RECORDS PROVIDED
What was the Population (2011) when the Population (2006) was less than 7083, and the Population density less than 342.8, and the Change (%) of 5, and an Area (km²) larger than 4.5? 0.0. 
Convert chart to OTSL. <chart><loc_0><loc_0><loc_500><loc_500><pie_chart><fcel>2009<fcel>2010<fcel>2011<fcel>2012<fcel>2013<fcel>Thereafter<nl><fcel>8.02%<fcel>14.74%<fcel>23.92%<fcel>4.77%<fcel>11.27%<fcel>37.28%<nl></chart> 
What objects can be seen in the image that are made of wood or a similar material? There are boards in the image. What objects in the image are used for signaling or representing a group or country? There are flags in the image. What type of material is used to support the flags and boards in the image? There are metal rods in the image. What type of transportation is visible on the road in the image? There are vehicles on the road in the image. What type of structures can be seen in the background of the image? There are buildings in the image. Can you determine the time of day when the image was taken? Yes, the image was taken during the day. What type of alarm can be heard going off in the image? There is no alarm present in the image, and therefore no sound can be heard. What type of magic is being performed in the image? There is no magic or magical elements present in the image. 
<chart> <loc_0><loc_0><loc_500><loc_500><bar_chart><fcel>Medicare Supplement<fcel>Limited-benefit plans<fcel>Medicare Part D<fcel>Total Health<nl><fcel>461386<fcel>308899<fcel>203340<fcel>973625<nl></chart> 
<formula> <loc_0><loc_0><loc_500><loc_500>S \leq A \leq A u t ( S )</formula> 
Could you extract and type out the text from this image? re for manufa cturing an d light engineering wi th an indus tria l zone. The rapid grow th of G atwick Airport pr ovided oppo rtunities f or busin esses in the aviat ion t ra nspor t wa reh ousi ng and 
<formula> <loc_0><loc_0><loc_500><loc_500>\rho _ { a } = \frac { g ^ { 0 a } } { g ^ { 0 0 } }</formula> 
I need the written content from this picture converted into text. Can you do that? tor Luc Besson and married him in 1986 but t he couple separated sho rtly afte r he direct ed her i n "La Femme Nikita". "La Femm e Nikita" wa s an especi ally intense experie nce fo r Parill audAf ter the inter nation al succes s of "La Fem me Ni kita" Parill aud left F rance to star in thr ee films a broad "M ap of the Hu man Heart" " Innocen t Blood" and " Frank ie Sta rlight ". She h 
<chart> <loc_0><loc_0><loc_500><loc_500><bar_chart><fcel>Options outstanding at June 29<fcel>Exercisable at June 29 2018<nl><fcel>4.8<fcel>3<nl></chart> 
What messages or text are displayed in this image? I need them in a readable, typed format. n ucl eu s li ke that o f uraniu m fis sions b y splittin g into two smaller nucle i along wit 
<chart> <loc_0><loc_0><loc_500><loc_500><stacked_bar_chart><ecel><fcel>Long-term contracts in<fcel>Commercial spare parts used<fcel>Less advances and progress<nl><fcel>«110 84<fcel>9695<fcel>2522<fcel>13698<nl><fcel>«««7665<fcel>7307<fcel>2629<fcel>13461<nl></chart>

WORK INSTRUCTIONS
Which lines above run from the one containing "<formula> <loc_0><loc_0><loc_500><loc_500>\rho _" to the one containing "I need the written"? Give them again exactly, both ends included.

REPLY TO THE EXERCISE
<formula> <loc_0><loc_0><loc_500><loc_500>\rho _ { a } = \frac { g ^ { 0 a } } { g ^ { 0 0 } }</formula> 
I need the written content from this picture converted into text. Can you do that? tor Luc Besson and married him in 1986 but t he couple separated sho rtly afte r he direct ed her i n "La Femme Nikita". "La Femm e Nikita" wa s an especi ally intense experie nce fo r Parill audAf ter the inter nation al succes s of "La Fem me Ni kita" Parill aud left F rance to star in thr ee films a broad "M ap of the Hu man Heart" " Innocen t Blood" and " Frank ie Sta rlight ". She h 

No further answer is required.